Lithograph by Julius Bien, Central Park (Summer), 1865, via the Met Museum
Central Park, and all of its features and amenities, demonstrate the intent that designers Olmsted and Vaux had in 1858– to create a social space where New Yorkers could come together to connect with nature and enjoy arts and culture. The vast park contains listless hidden gems and art drops, but below are a few highlights.
The Literary Walk
The Mall and Literary Walk is the wide walking path lined with trees and benches, located mid-park at 66th St. The path is renowned– it was part of Olmsted and Vaux’s original design of the park. Today, it is populated with vendors, musicians, and artists, it has been featured in many of the famous movies filmed in Central Park, and the path leads the way to many favorite spaces in the park. It is named the "Literary Walk" because of the sculptures of notable writers that it features, including William Shakespeare, an art drop that can be found using the Trops Mobile app.

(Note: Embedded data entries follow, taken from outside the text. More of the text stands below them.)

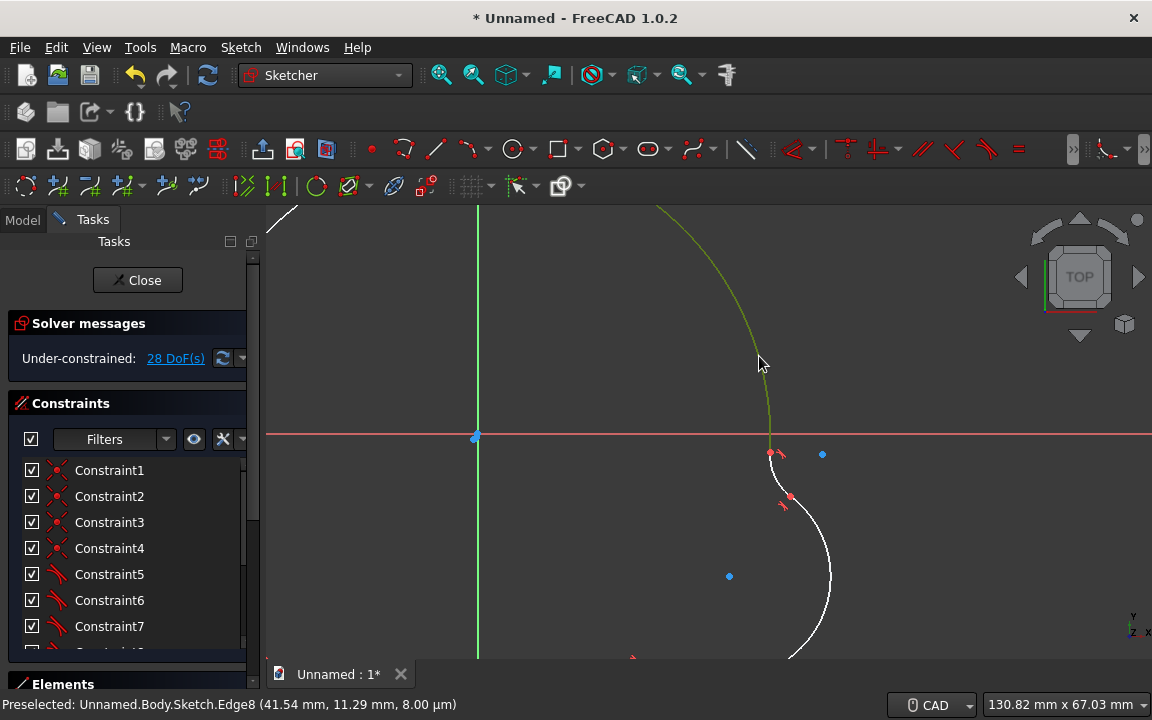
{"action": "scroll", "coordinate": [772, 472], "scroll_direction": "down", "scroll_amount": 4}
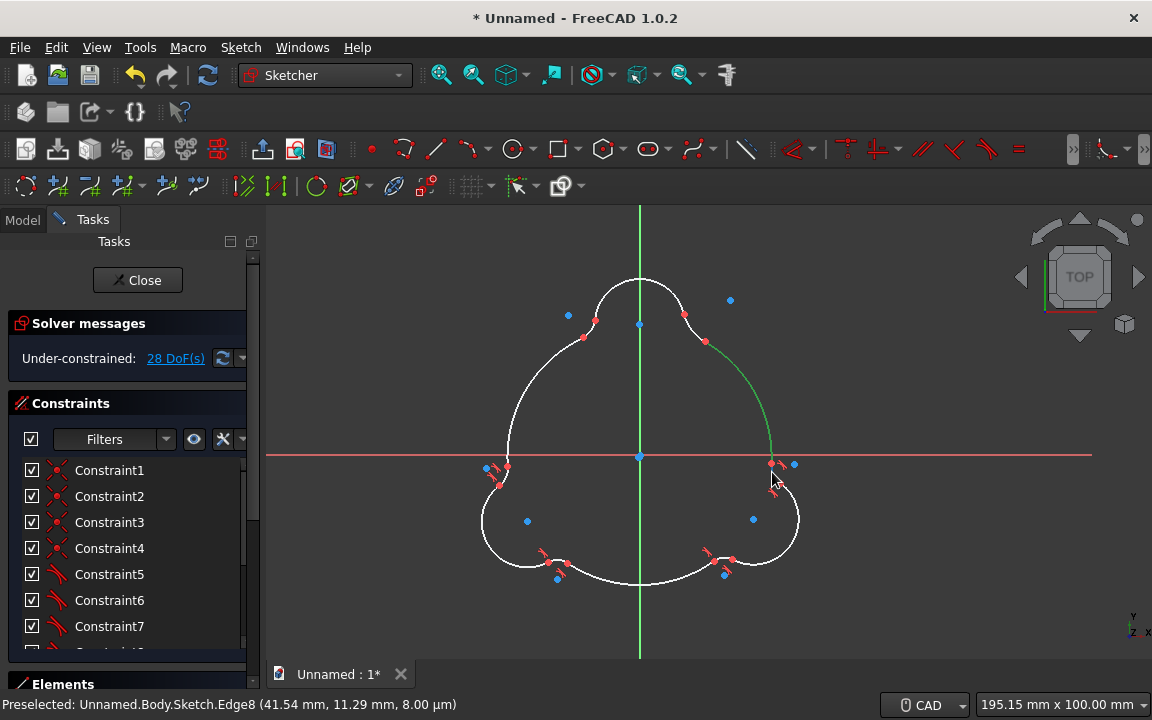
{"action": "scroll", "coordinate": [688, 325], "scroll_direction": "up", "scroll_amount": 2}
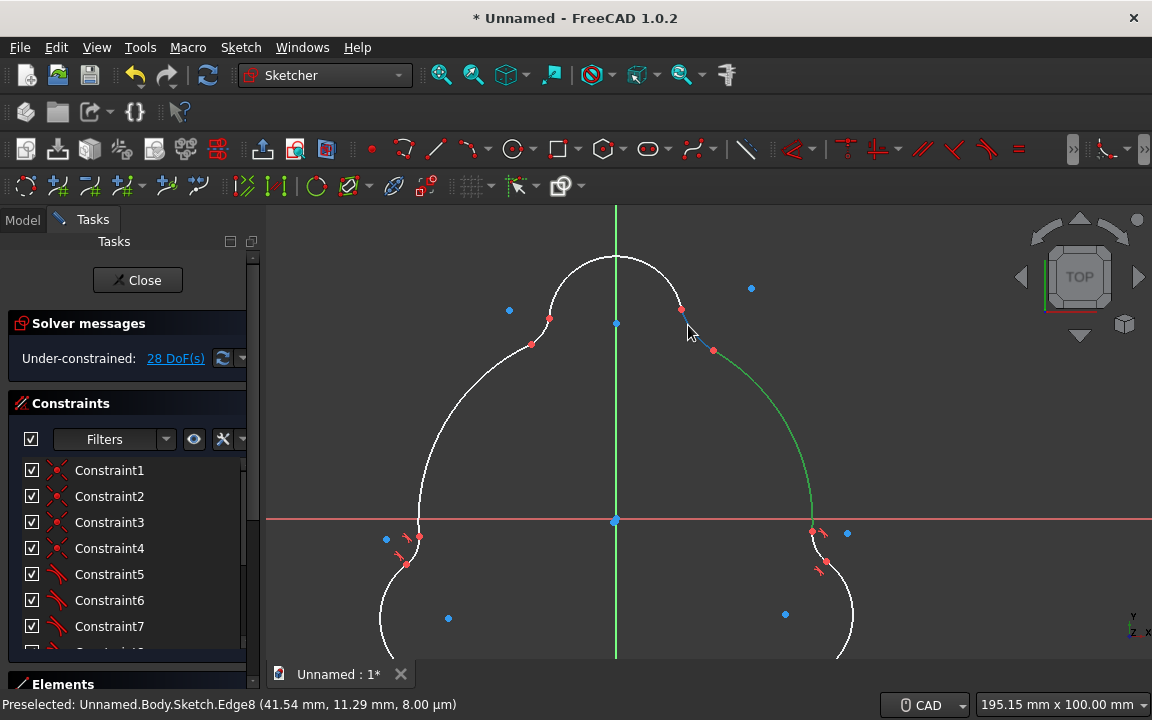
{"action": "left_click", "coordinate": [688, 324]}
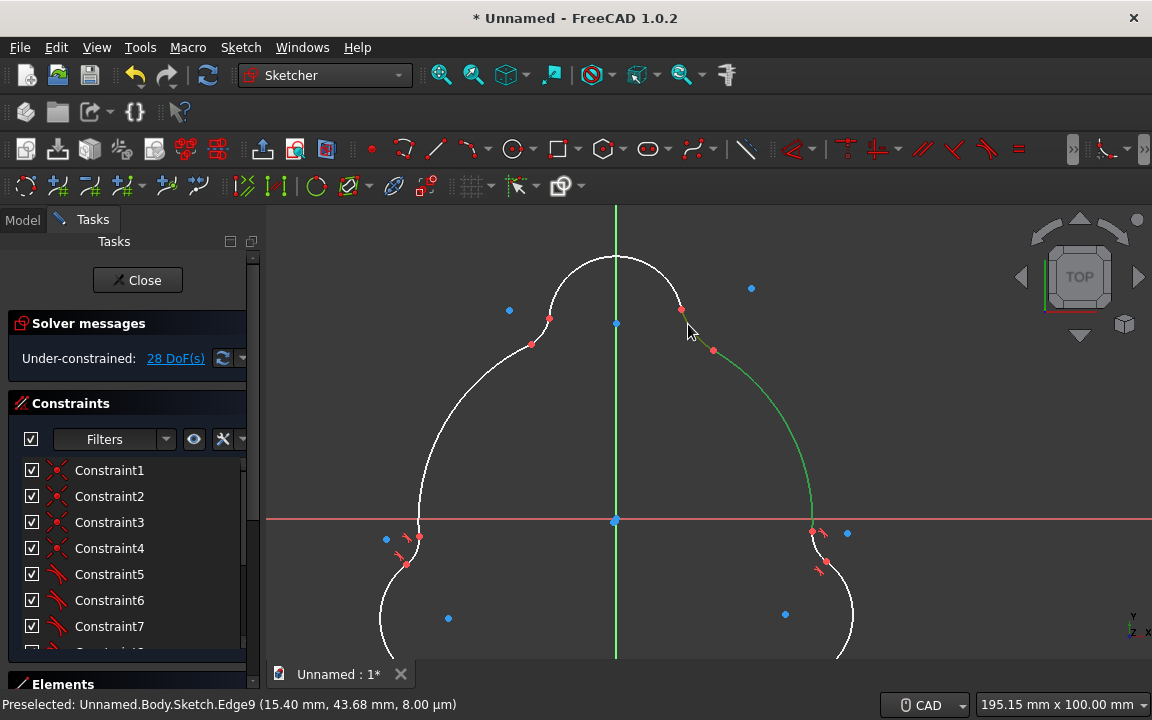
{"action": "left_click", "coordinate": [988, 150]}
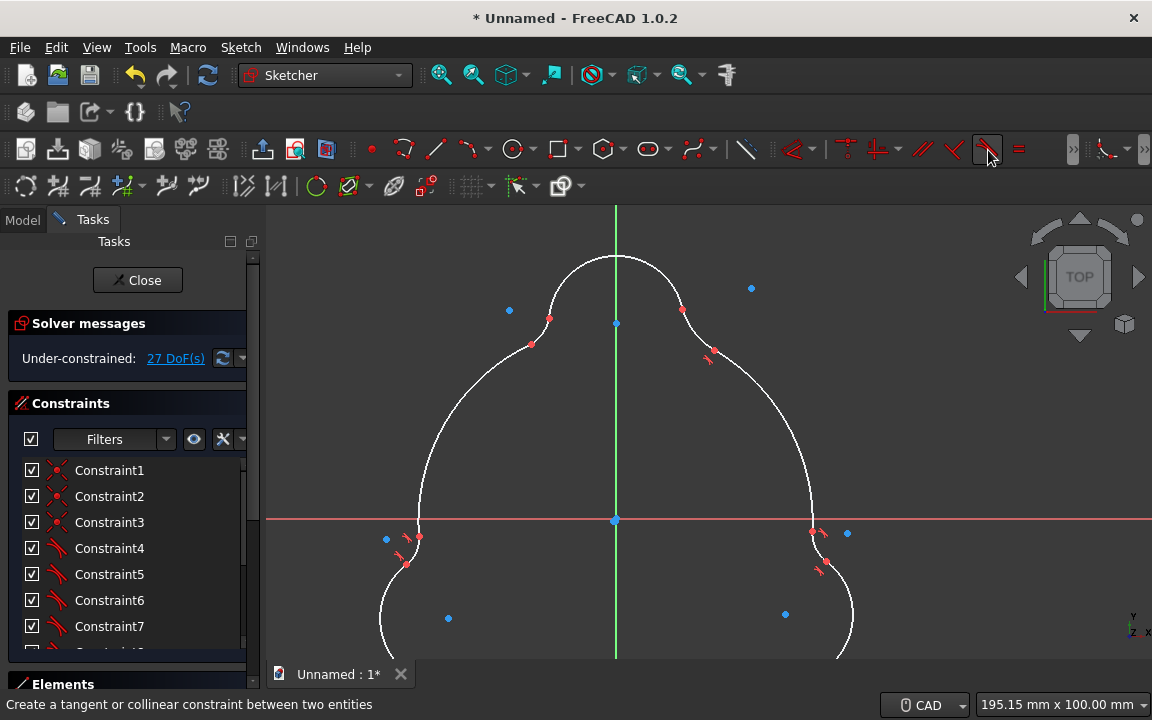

William Shakespeare, Photo by Avery Walker
Chuzo Tamotzu, Central Park South, 1935, via the Met Museum
The Metropolitan Museum of Art
Located on the edge of Central Park facing 5th Avenue, The Metropolitan Museum of Art is a significant and beloved institution of art history in New York City. The museum has one of the largest collections in the world, with a diverse and endlessly fascinating breadth of art works. Between the Met and Central Park’s Great Lawn sits the obelisk known as "Cleopatra’s Needle".
“The Indian Hunter”
“The Indian Hunter” by John Quincy Adams Ward, was first built on a smaller scale before it became the life size bronze monument that we see in Central Park today. The Met Museum describes some of the history surrounding the statue:
“With his statuette of a Native American youth and his dog, Ward answered the call for sculpture modeled by home-based, rather than expatriate, artists in a realist style. He imagined an Arcadian hunting scene, a stark contrast to the reservation system by then established to confine Indigenous peoples to U.S. government-specified tracts of land.”
John Quincy Adams Ward, The Indian Hunter, 1860, via the Met Museum
Anonymous, Central Park, Statue of The Indian Hunter, 1860, via the Met Museum
José de Creeft, Alice in Wonderland, 1959, Photo by Avery Walker
Many water features can be found in Central Park, and the Model Boat Pond at Conservatory Water is a popular favorite. Visitors can watch the races of miniature boats and yachts on the pond, and it is an ideal place for relaxing. The scenery also draws guests towards one of the most adored statues in Central Park, Alice in Wonderland.
The sculpture was donated by philanthopist and publisher George Delacorte, as a gift to the children of the city and in honor of his late wife, who loved literature and would read "Alice's Adventures in Wonderland" to their children.